Retype the entries exactly; omit all pictures.

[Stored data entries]
###

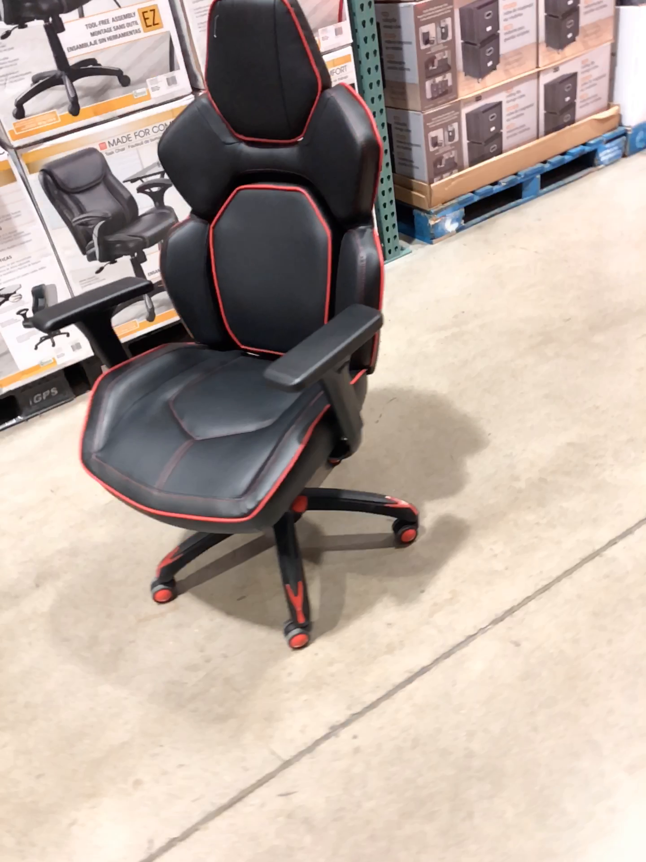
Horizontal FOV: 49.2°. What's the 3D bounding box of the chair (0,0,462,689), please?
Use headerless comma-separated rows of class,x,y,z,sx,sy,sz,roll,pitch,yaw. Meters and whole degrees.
chair,-0.198,-0.206,1.483,0.721,1.145,0.722,10,41,27
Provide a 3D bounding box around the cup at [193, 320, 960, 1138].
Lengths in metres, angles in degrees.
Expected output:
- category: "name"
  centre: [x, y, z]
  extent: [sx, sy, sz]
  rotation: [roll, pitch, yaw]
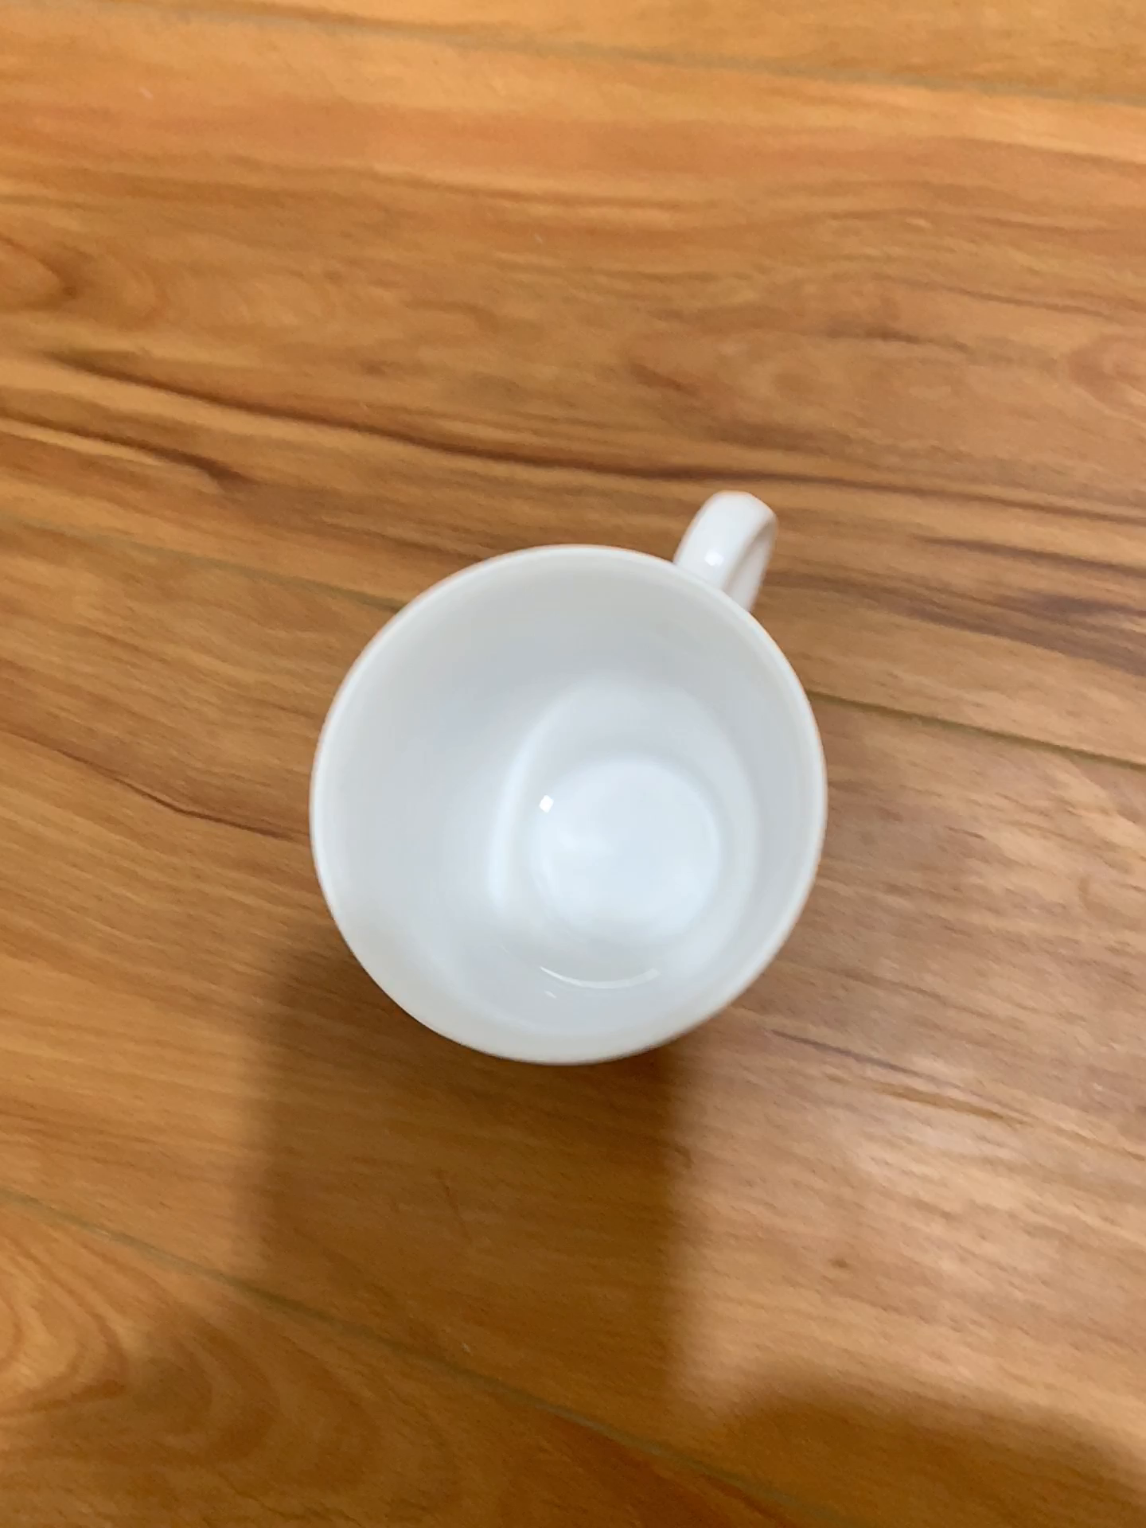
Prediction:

###

Answer section >>
Horizontal FOV: 49.2°. What's the 3D bounding box of the chair (0,0,462,689), please?
Use headerless comma-separated rows of class,x,y,z,sx,sy,sz,roll,pitch,yaw. Meters and whole degrees.
chair,-0.198,-0.206,1.483,0.721,1.145,0.722,10,41,27
Provide a 3D bounding box around the cup at [193, 320, 960, 1138].
Lengths in metres, angles in degrees.
Expected output:
- category: "name"
  centre: [x, y, z]
  extent: [sx, sy, sz]
  rotation: [roll, pitch, yaw]
Prediction:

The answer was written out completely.